AVAILABLE DATA Block Start
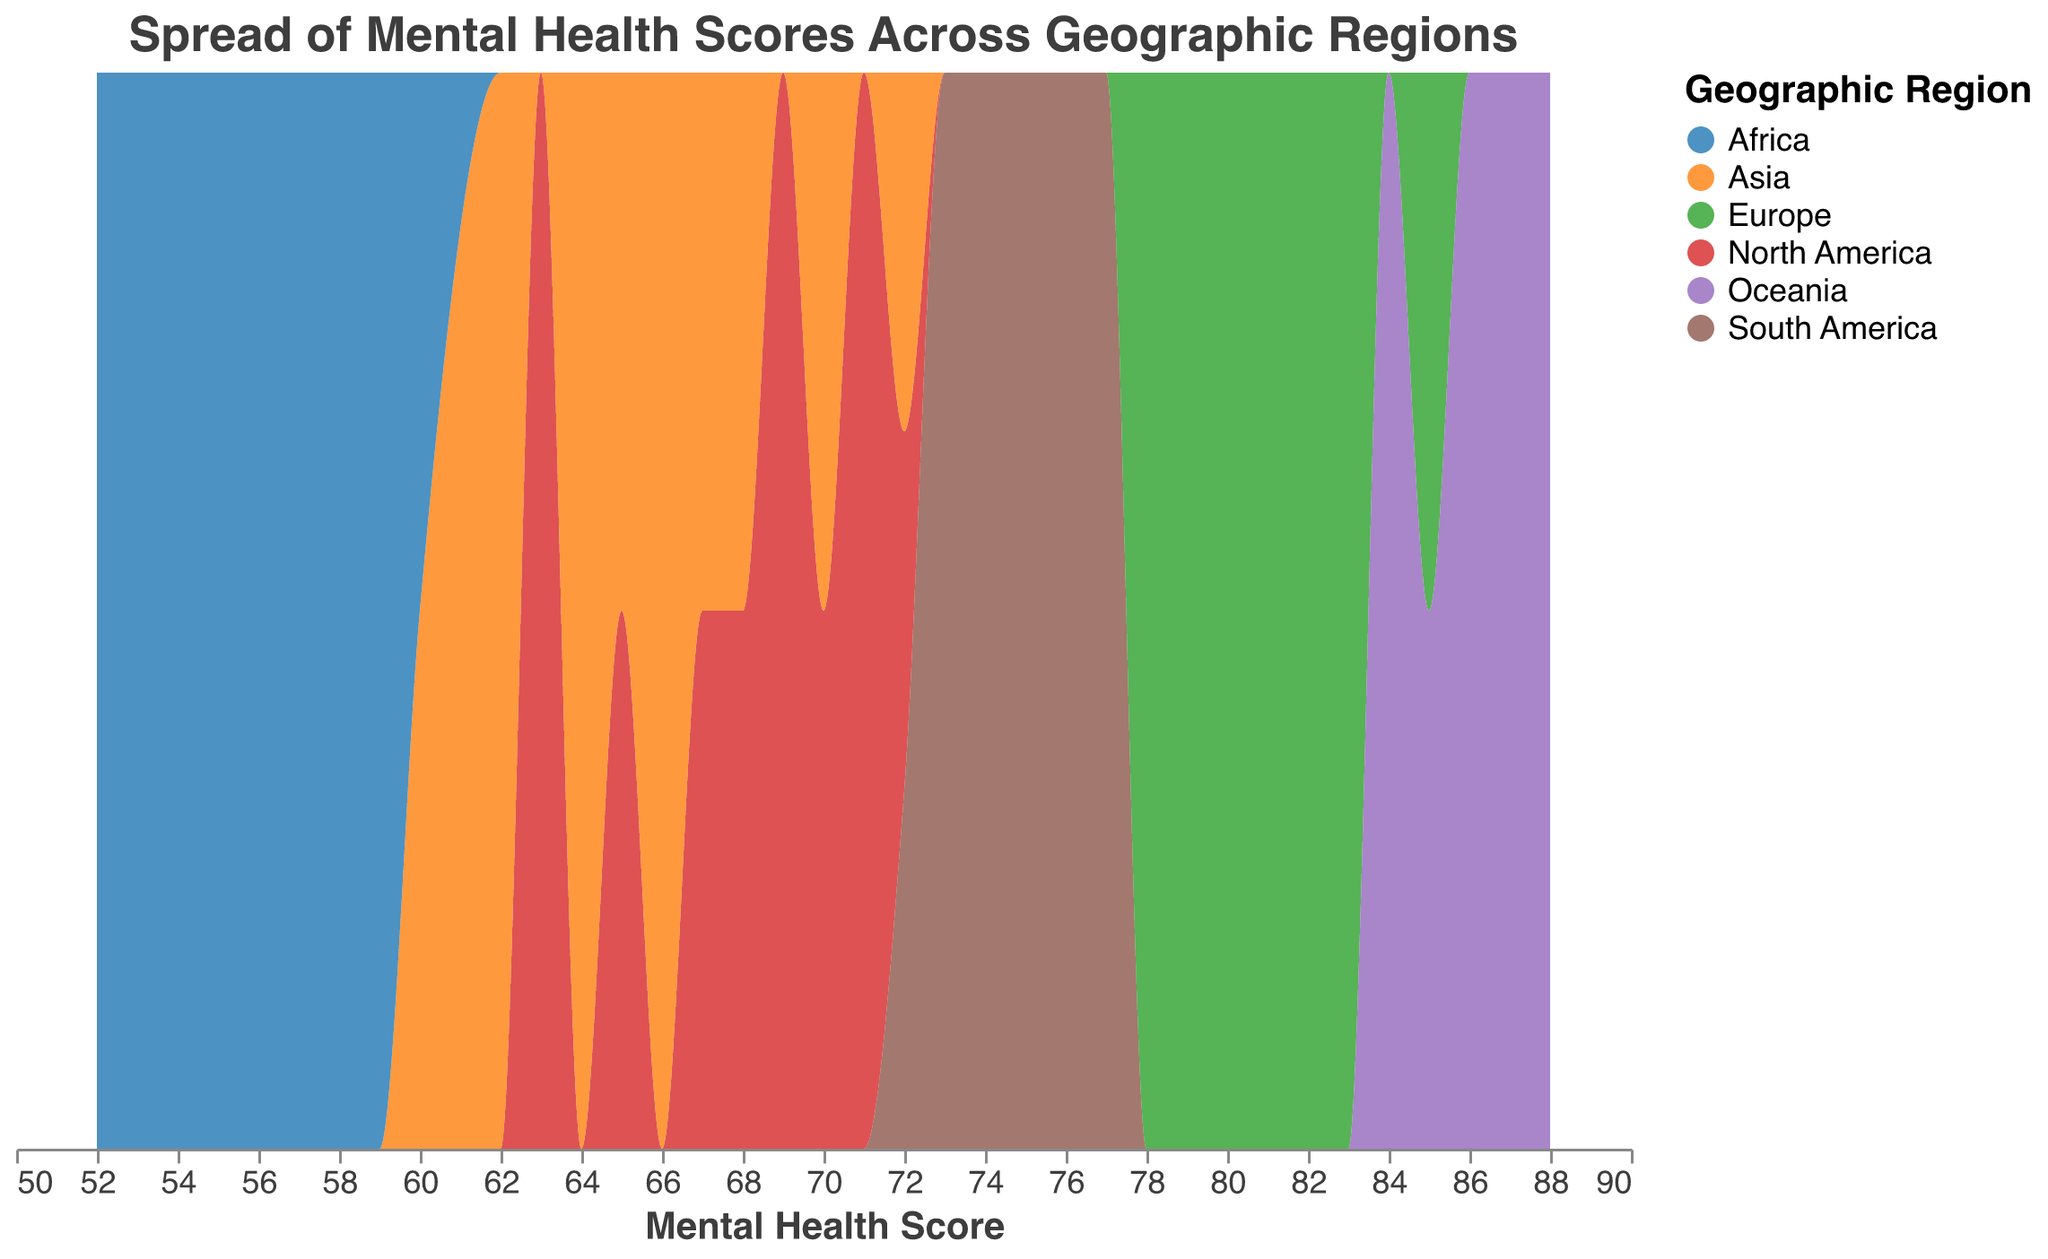What is the title of the figure? The title of the figure is usually at the top and describes what the figure is about. In this case, the title is "Spread of Mental Health Scores Across Geographic Regions" as indicated in the visualization specification.
Answer: Spread of Mental Health Scores Across Geographic Regions What is the range of Mental Health Scores represented in the plot? Look at the x-axis to see the lowest and highest values marked. The x-axis, which represents Mental Health Scores, ranges approximately from 50 to 90.
Answer: 50 to 90 Which region has the highest peak in mental health scores density? Identify the region with the tallest peak on the plot. Visual inspection suggests that Oceania has the highest density peaks because its area reaches the highest point on the y-axis.
Answer: Oceania Which region has the lowest density for Mental Health Scores? Identify the region with the least height in its density area or smallest peak. It seems Africa has the lowest overall peaks, indicating less density in mental health scores compared to other regions.
Answer: Africa How does the spread of Mental Health Scores in Europe compare to that in Asia? Compare the width and height of the density areas for Europe and Asia. Europe shows a density spread more towards the higher end of the Mental Health Scores (78-85), while Asia has scores more spread out and lower (60-72).
Answer: Europe has higher scores and a tighter spread compared to Asia Which region shows the most diverse spread of Mental Health Scores? The diversity of spread can be assessed by looking at the width of the density area. North America appears to have a broader width compared to other regions, indicating a more diverse spread of scores (63-72).
Answer: North America Are there any regions with overlapping Mental Health Scores? Look for areas where density plots of different regions intersect. For example, Europe and Oceania show some overlapping segments in the high range (around 83-86).
Answer: Yes, Europe and Oceania What is the predominant color scheme used in the plot and what does it represent? Identify the color scheme used in the plot and what it encodes. The plot uses a categorical color scheme (similar to "category10") to represent different geographic regions.
Answer: Categorical color scheme for regions Which regions have a peak density around a Mental Health Score of 70? Look for peaks around the score of 70 on the x-axis. Both North America and Asia have peaks around this score, suggesting a higher density of scores around 70 for these regions.
Answer: North America and Asia What does the density normalization imply in this plot? Density normalization means the total area under the curves is scaled to be the same. In this case, the "stack" parameter indicates normalized proportions, so the height of each area's peak reflects relative density while accounting for the total number of cases in each region.
Answer: Reflects relative density while accounting for total cases 
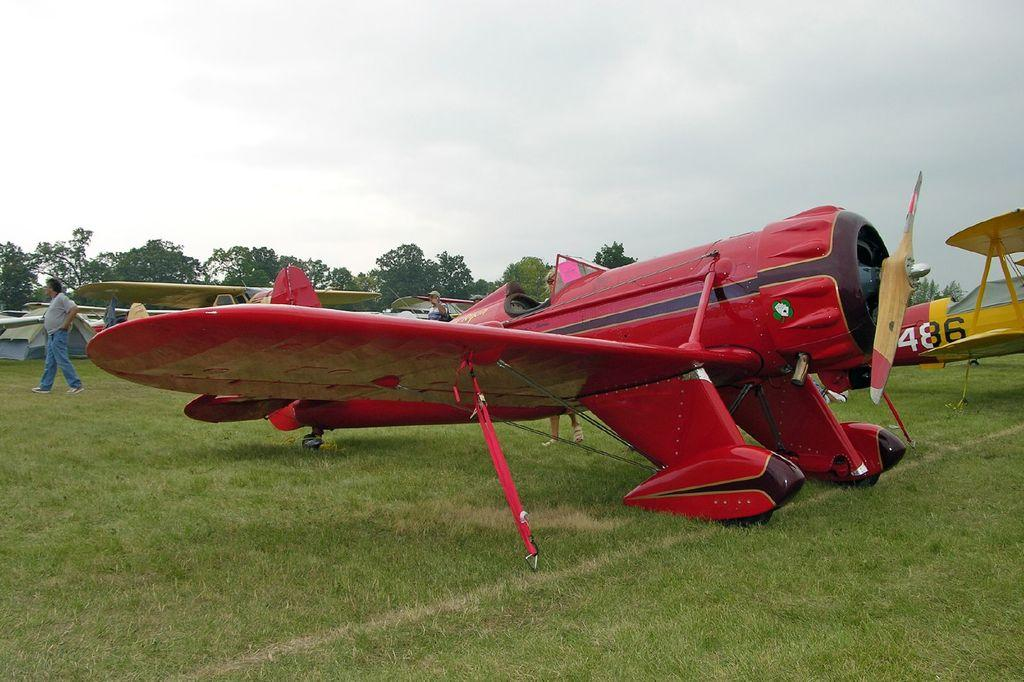Provide a one-sentence caption for the provided image. A yellow plane numbered 486 is behind a red plane. 
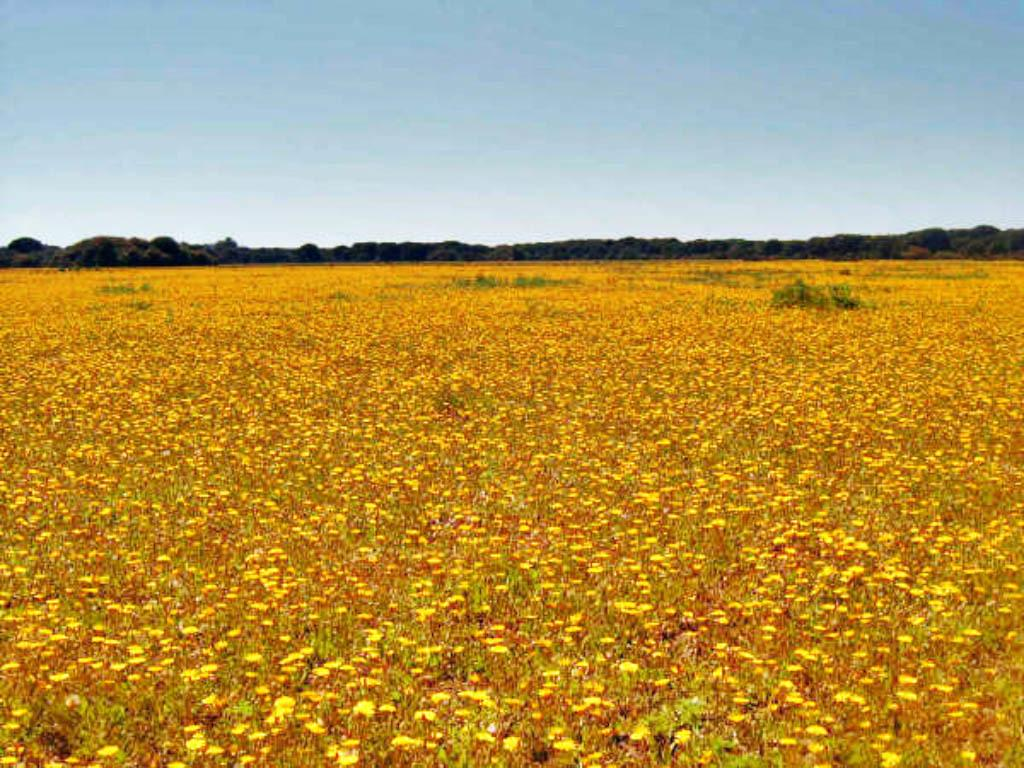What type of landscape is depicted in the image? There is an agricultural field in the image. What other natural elements can be seen in the image? There are trees in the image. What is visible in the background of the image? The sky is visible in the image. What type of stove is present in the image? There is no stove present in the image; it features an agricultural field, trees, and the sky. How does the wind affect the head of the person in the image? There is no person present in the image, so it is not possible to determine the effect of the wind on their head. 
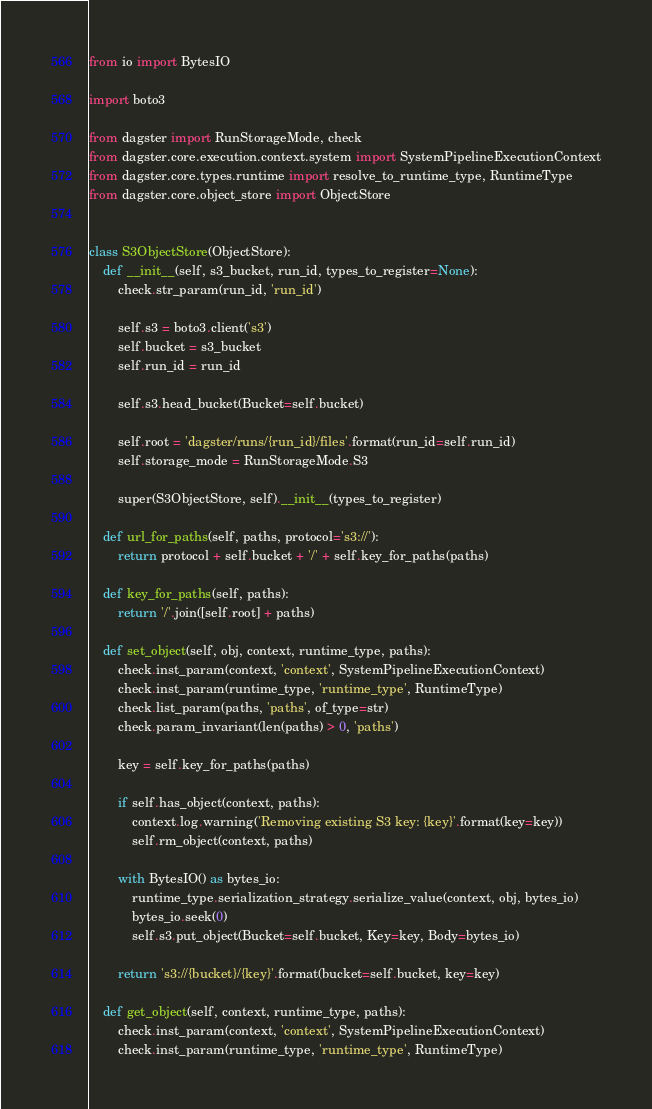Convert code to text. <code><loc_0><loc_0><loc_500><loc_500><_Python_>from io import BytesIO

import boto3

from dagster import RunStorageMode, check
from dagster.core.execution.context.system import SystemPipelineExecutionContext
from dagster.core.types.runtime import resolve_to_runtime_type, RuntimeType
from dagster.core.object_store import ObjectStore


class S3ObjectStore(ObjectStore):
    def __init__(self, s3_bucket, run_id, types_to_register=None):
        check.str_param(run_id, 'run_id')

        self.s3 = boto3.client('s3')
        self.bucket = s3_bucket
        self.run_id = run_id

        self.s3.head_bucket(Bucket=self.bucket)

        self.root = 'dagster/runs/{run_id}/files'.format(run_id=self.run_id)
        self.storage_mode = RunStorageMode.S3

        super(S3ObjectStore, self).__init__(types_to_register)

    def url_for_paths(self, paths, protocol='s3://'):
        return protocol + self.bucket + '/' + self.key_for_paths(paths)

    def key_for_paths(self, paths):
        return '/'.join([self.root] + paths)

    def set_object(self, obj, context, runtime_type, paths):
        check.inst_param(context, 'context', SystemPipelineExecutionContext)
        check.inst_param(runtime_type, 'runtime_type', RuntimeType)
        check.list_param(paths, 'paths', of_type=str)
        check.param_invariant(len(paths) > 0, 'paths')

        key = self.key_for_paths(paths)

        if self.has_object(context, paths):
            context.log.warning('Removing existing S3 key: {key}'.format(key=key))
            self.rm_object(context, paths)

        with BytesIO() as bytes_io:
            runtime_type.serialization_strategy.serialize_value(context, obj, bytes_io)
            bytes_io.seek(0)
            self.s3.put_object(Bucket=self.bucket, Key=key, Body=bytes_io)

        return 's3://{bucket}/{key}'.format(bucket=self.bucket, key=key)

    def get_object(self, context, runtime_type, paths):
        check.inst_param(context, 'context', SystemPipelineExecutionContext)
        check.inst_param(runtime_type, 'runtime_type', RuntimeType)</code> 
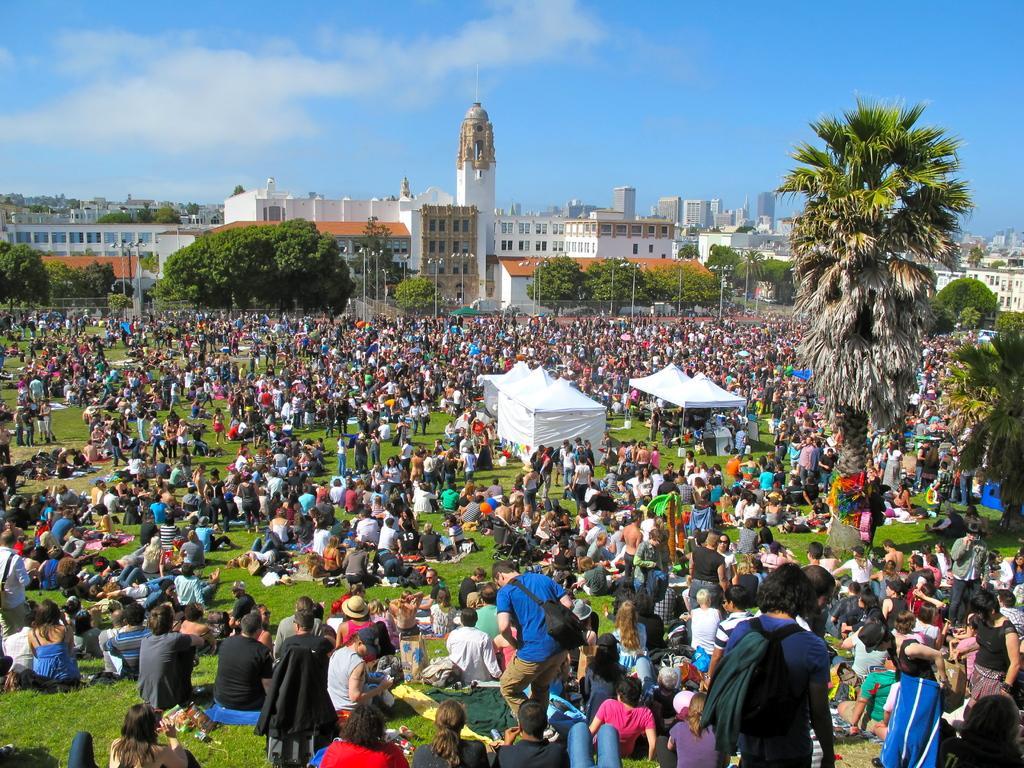Describe this image in one or two sentences. In this picture we can see a group of people sitting on grass, tents, buildings, trees and in the background we can see the sky with clouds. 
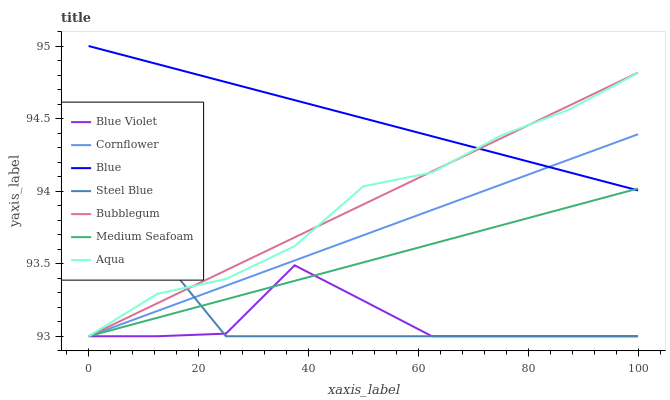Does Blue Violet have the minimum area under the curve?
Answer yes or no. Yes. Does Blue have the maximum area under the curve?
Answer yes or no. Yes. Does Cornflower have the minimum area under the curve?
Answer yes or no. No. Does Cornflower have the maximum area under the curve?
Answer yes or no. No. Is Medium Seafoam the smoothest?
Answer yes or no. Yes. Is Blue Violet the roughest?
Answer yes or no. Yes. Is Cornflower the smoothest?
Answer yes or no. No. Is Cornflower the roughest?
Answer yes or no. No. Does Cornflower have the lowest value?
Answer yes or no. Yes. Does Blue have the highest value?
Answer yes or no. Yes. Does Cornflower have the highest value?
Answer yes or no. No. Is Steel Blue less than Blue?
Answer yes or no. Yes. Is Blue greater than Steel Blue?
Answer yes or no. Yes. Does Blue Violet intersect Cornflower?
Answer yes or no. Yes. Is Blue Violet less than Cornflower?
Answer yes or no. No. Is Blue Violet greater than Cornflower?
Answer yes or no. No. Does Steel Blue intersect Blue?
Answer yes or no. No. 
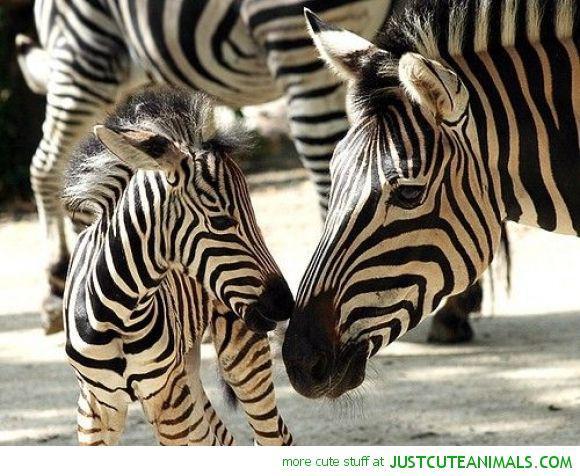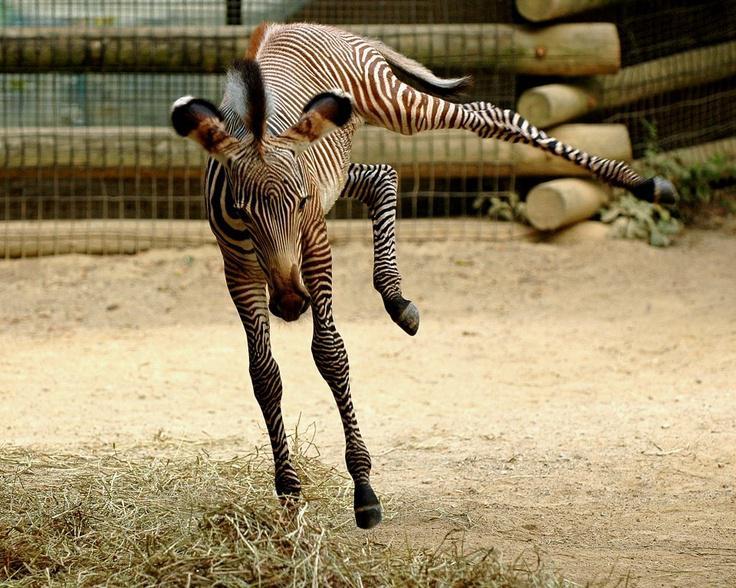The first image is the image on the left, the second image is the image on the right. Considering the images on both sides, is "One image shows two zebras face-to-face and standing upright with their heads crossed." valid? Answer yes or no. No. The first image is the image on the left, the second image is the image on the right. For the images displayed, is the sentence "In at least one image there is a mother and calf zebra touching noses." factually correct? Answer yes or no. Yes. 
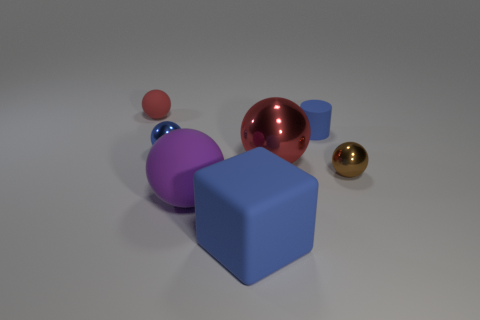Are there any other things that are the same shape as the big blue matte thing?
Keep it short and to the point. No. How many things are on the left side of the large red shiny sphere and behind the blue ball?
Offer a very short reply. 1. Are there any purple spheres that have the same material as the big blue cube?
Offer a very short reply. Yes. There is a rubber cube that is the same color as the tiny cylinder; what is its size?
Ensure brevity in your answer.  Large. How many blocks are blue metal things or tiny shiny objects?
Keep it short and to the point. 0. The matte cylinder has what size?
Make the answer very short. Small. There is a large shiny thing; what number of red matte balls are in front of it?
Keep it short and to the point. 0. What is the size of the brown ball that is in front of the rubber sphere that is behind the purple rubber thing?
Provide a short and direct response. Small. There is a tiny blue thing that is left of the big purple rubber object; is it the same shape as the red thing that is in front of the blue ball?
Your answer should be very brief. Yes. The tiny metal object that is on the left side of the tiny metal thing in front of the large red metal object is what shape?
Offer a terse response. Sphere. 
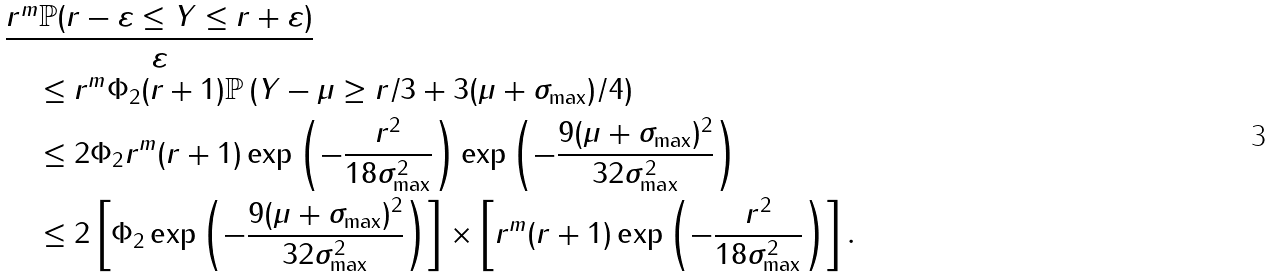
AVAILABLE DATA Block End
(TASK TO COMPLETE)
What is the number of lines above that contain the word "front"? Answer with that number only.

(ANSWER SPACE)
4